■ PROBLEM DESCRIPTION:
The answer must consist solely of the lines from the line with "Instruction: Click on" to the end of the data below, transcribed exactly and with no pictures.
*** Opening of INPUT ***
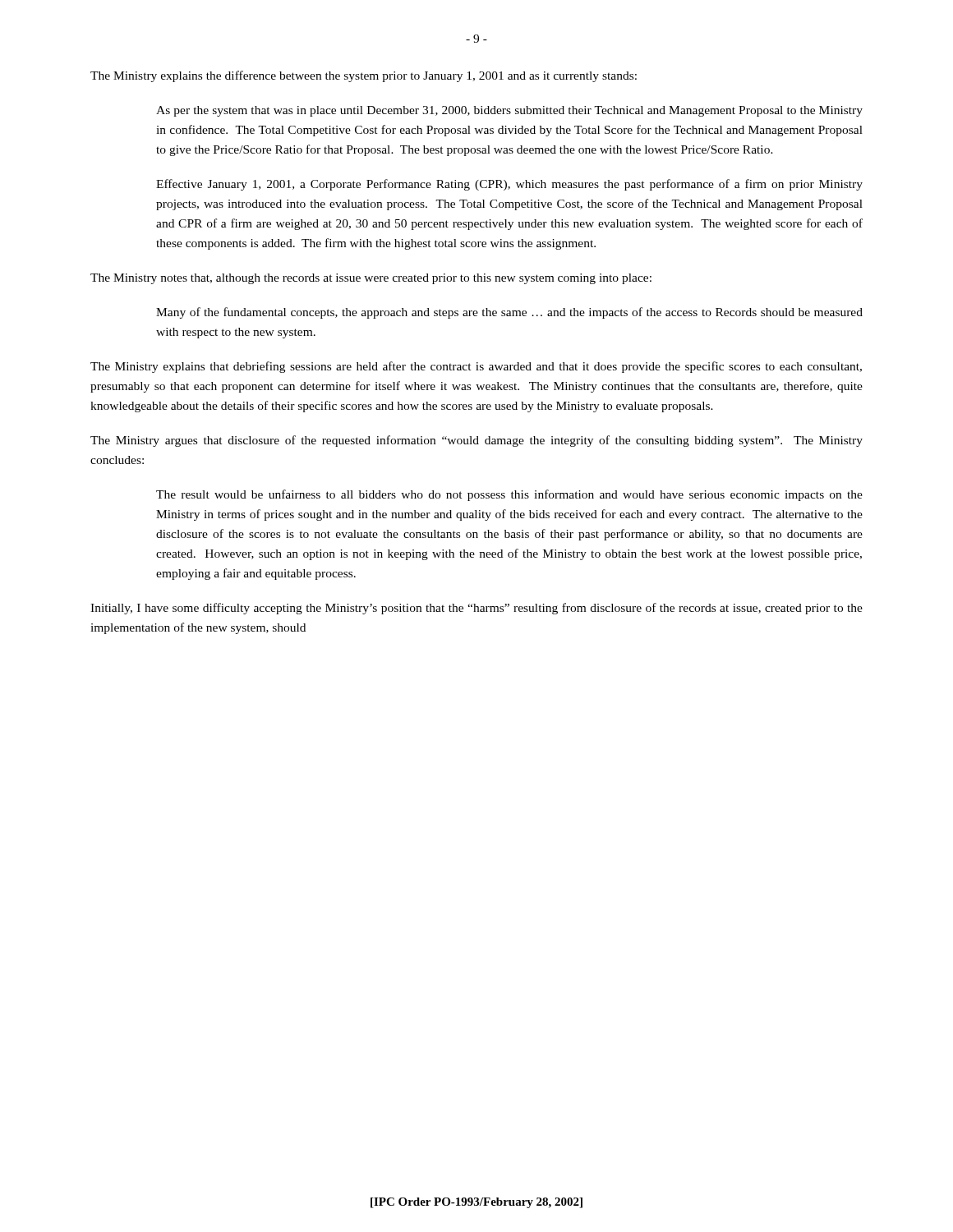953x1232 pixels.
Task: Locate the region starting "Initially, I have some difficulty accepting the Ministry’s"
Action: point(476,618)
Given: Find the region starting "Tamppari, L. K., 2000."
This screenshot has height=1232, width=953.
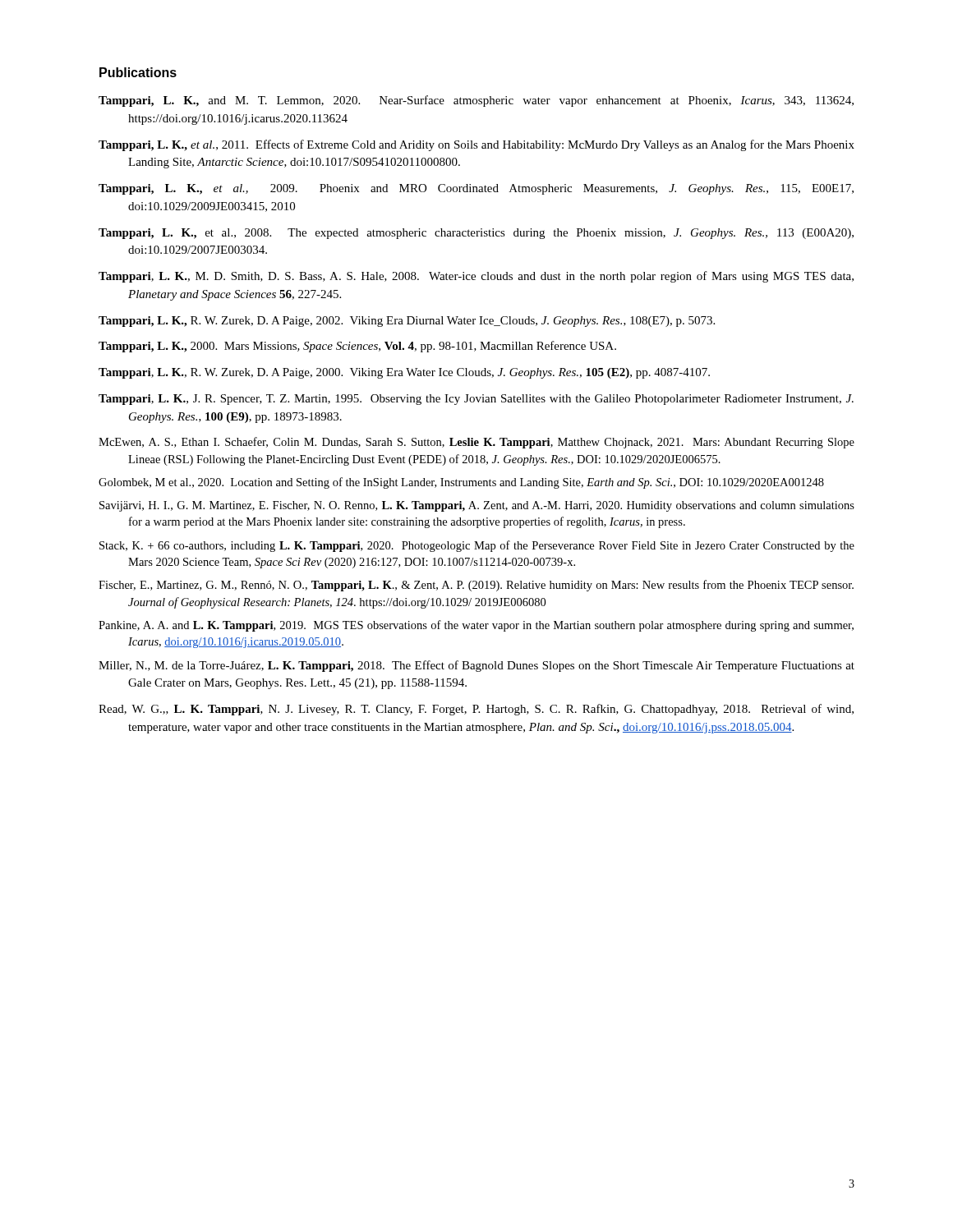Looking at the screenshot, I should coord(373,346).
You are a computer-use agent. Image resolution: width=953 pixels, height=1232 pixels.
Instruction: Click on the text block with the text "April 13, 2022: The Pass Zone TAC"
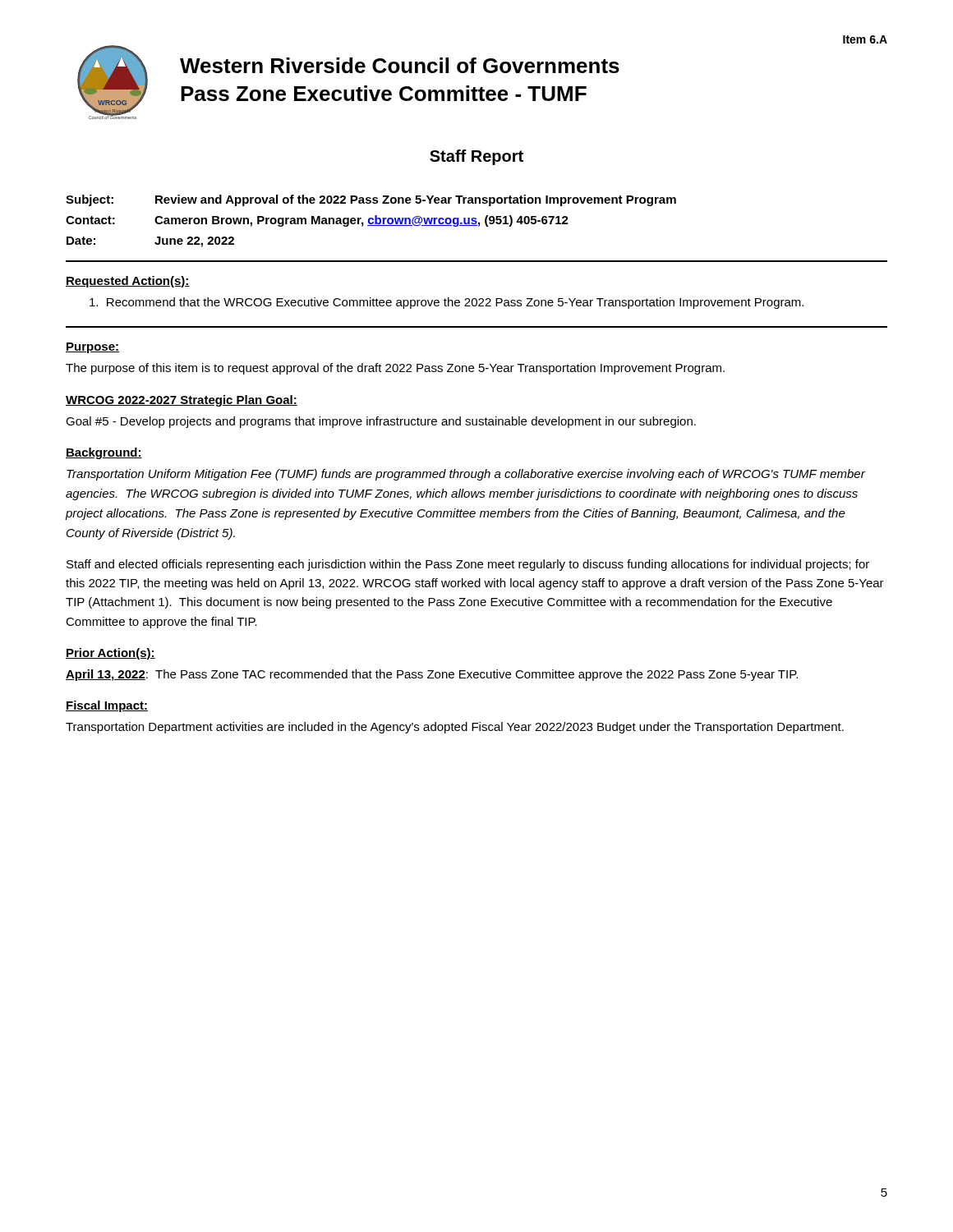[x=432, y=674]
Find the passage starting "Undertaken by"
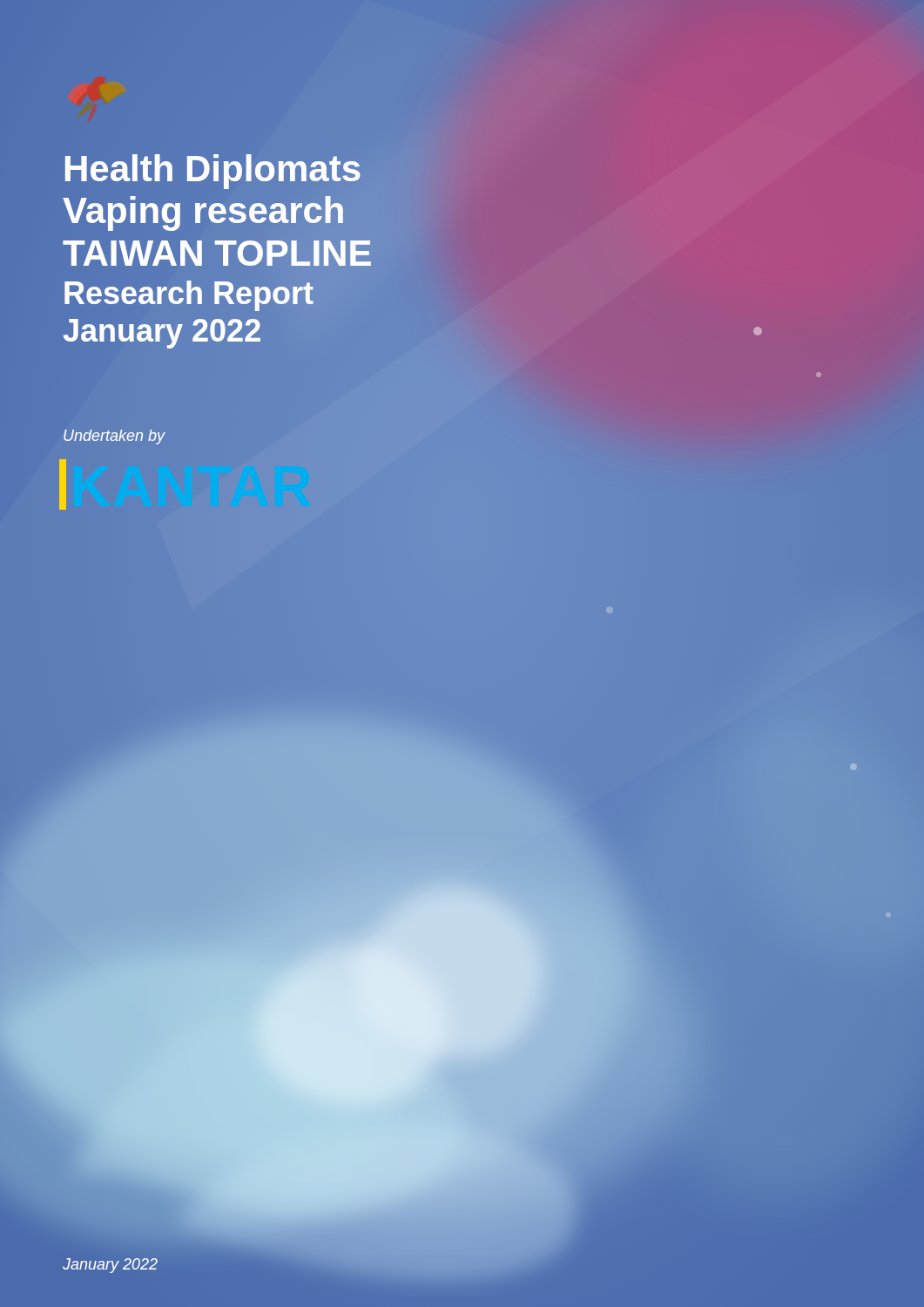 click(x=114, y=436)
*** Close of INPUT ***
■ OUTPUT OF THE EXERCISE:
Instruction: Click on the text block with the text "April 13, 2022: The Pass Zone TAC"
[x=432, y=674]
Find the passage starting "Undertaken by"
 click(x=114, y=436)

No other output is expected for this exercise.